Седенькая учительница на скамье присяжных молча встает. Затем встает молодой аптекарь. И его сосед. Один за другим поднимаются все присяжные.
Старшина обводит взглядом всех своих коллег-присяжных. Их сплоченность придает ему силы. Он снова смотрит на Бака.
— Мы также считаем мистера Хаммонда…
Все затаили дыхание.
— …невиновным.
Тишина.
Изумленный зал несколько секунд молчит. Первым начинает аплодировать Джой Келси.
Беатрис стучит молотком, Джой перестает аплодировать, но теперь аплодируют Гарри и Кид. К ним присоединяются охранники Бака. Джой глядит на них, потом на Беатрис и снова аплодирует. И тут весь зал взрывается овацией.
Кид берет Патти Хаммонд за руку и подводит к нашему столу. Бак и Патти обнимаются, и к ним бегут все Хаммонды.
Люк и Мэгги в первом ряду прыгают от радости.
Но вдруг Мэгги оборачивается и начинает пробираться к выходу.
— Мама! — кричит она. — Пропустите, ну пожалуйста! Там моя мама!
У дверей стоит Соня Бейкер в куртке, которую ей, по-видимому, одолжили в тюрьме. Она изумленно смотрит на зал, находит глазами Мэгги, кидается к ней. Она хочет обнять дочь, но Мэгги тут же ускользает из объятий.
Она вытаскивает из кармана футляр. Соня непонимающе смотрит на него, и Мэгги сама его открывает, встает на цыпочки и застегивает ожерелье у мамы на шее.
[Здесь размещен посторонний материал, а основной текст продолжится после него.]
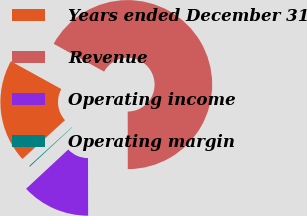Convert chart. <chart><loc_0><loc_0><loc_500><loc_500><pie_chart><fcel>Years ended December 31<fcel>Revenue<fcel>Operating income<fcel>Operating margin<nl><fcel>19.78%<fcel>66.95%<fcel>13.1%<fcel>0.17%<nl></chart> 
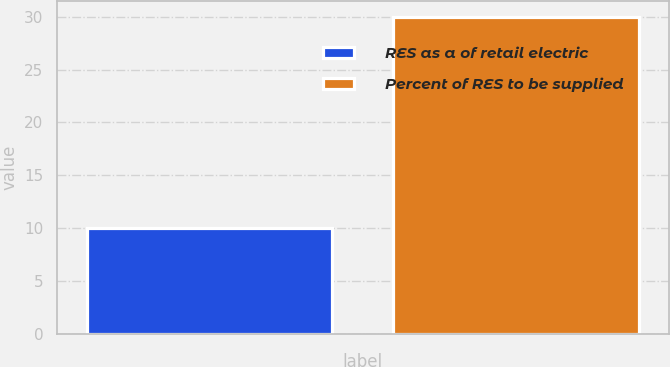Convert chart to OTSL. <chart><loc_0><loc_0><loc_500><loc_500><bar_chart><fcel>RES as a of retail electric<fcel>Percent of RES to be supplied<nl><fcel>10<fcel>30<nl></chart> 
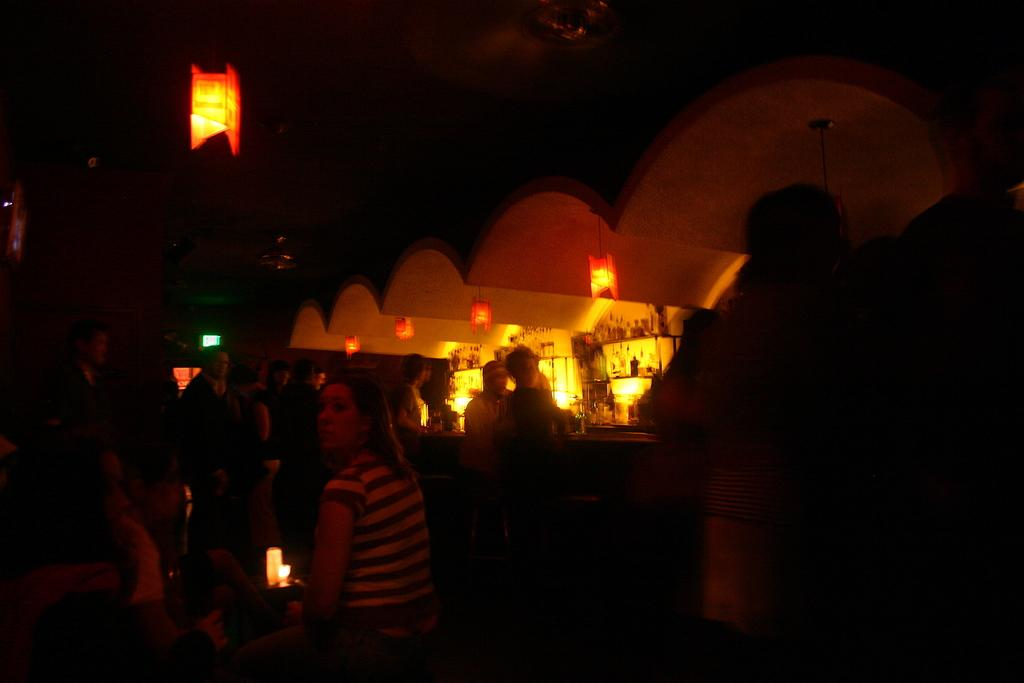What is the main subject of the image? There is a group of people in the image. What else can be seen in the image besides the people? There are lights, racks, and bottles in the image. Can you describe the lighting in the image? The lights are visible in the image. What is the color of the background in the image? The background is dark. How does the moon affect the temper of the people in the image? The image does not show the moon, and therefore it cannot be determined how the moon might affect the temper of the people in the image. 
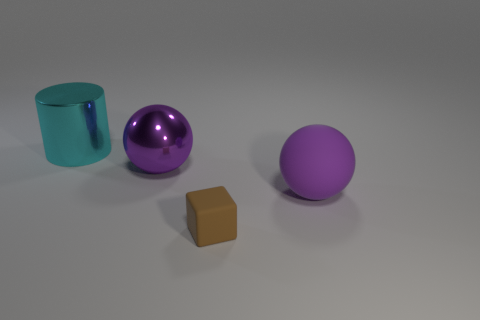Add 3 purple things. How many purple things exist? 5 Add 4 small cubes. How many objects exist? 8 Subtract 0 green cylinders. How many objects are left? 4 Subtract all cylinders. How many objects are left? 3 Subtract 1 cylinders. How many cylinders are left? 0 Subtract all cyan balls. Subtract all red cylinders. How many balls are left? 2 Subtract all tiny cubes. Subtract all big yellow matte objects. How many objects are left? 3 Add 1 large shiny balls. How many large shiny balls are left? 2

Теперь уже начинает аплодировать Патти. За ней Бак и мы все. Телекамеры разворачиваются к Мэгги и Соне. Соня смущается, а Мэгги радостно раскланивается во все стороны.
Около меня возникает Гарри, я кончиками пальцев касаюсь его левого виска. Там небольшой синяк — след от пистолета Стэнли. До меня вдруг доходит, что я чуть не потеряла Гарри, и эта мысль меня потрясает. По щекам у меня бегут слезы.
Гарри утирает мне слезы и шепчет:
— Не надо… Ты чего это, совсем расслабилась?
Он прав. Еще не время. Мы еще расслабимся. Вдвоем. Чуть позже.
Джеральдина уже собирается уходить. По дороге она останавливается и говорит нам:
— Стэнли сознался. Перед тем, как его отправили на операцию.
— В чем сознался?
— Во всем. Говард Дэвис, судья Лонг, вот этот вот, — кивает она на Гарри. — Сознался, что это его рук дело.
Она наклоняется ко мне:
— Он сказал, что у него не было выбора. Он давал присягу, клялся поддерживать и охранять систему. А они ее подрывали. Он сказал еще, что знал: я его пойму. А ему скажи, — показывает она на Кида, — что к полудню я выпущу Ники Патерсона.
— Он обрадуется.
Джеральдина идет к выходу, а я вдруг понимаю, что судейское место пусто.
— Где судья? — спрашиваю я Джоя Келси.
— Ушла, — улыбается он.
— Она объявила, что заседание закрыто?
— Нет. Просто встала и ушла. — У Джоя улыбка до ушей — словно для него это лучший рождественский подарок.
— Значит, судья Нолан встала и ушла. Не взяла на себя труд сказать нам, что заседание прекращено, а Баку Хаммонду — что он свободен. Не поблагодарила присяжных за их труд. Даже не поздравила с Рождеством.
Это сделаем мы.
«Если под безумием подразумевается помутненное состояние духа или разума, не следует полагать, что это не может служить защитой от наказания за преступление. Если можно с уверенностью сказать, что тот, кого обуревают сильные чувства, такие, как жалость, гнев, горе и так далее, подвержен безумию, ведущему к убийству, трудно, даже невозможно бывает определить, где кончается здоровое состояние и начинается безумие.
В результате наших размышлений на эту тему мы можем сказать одно: если обвиняемый испытывал непреодолимую тягу к убийству и был не в состоянии управлять своей волей или разумом… он заслуживает оправдания.
Судья Паксон
20 января 1879 года».
Адвокату бывает трудно доказать, что его клиент находился в состоянии невменяемости. Особенно если преступление, о котором идет речь, было самым разумным поступком в его жизни.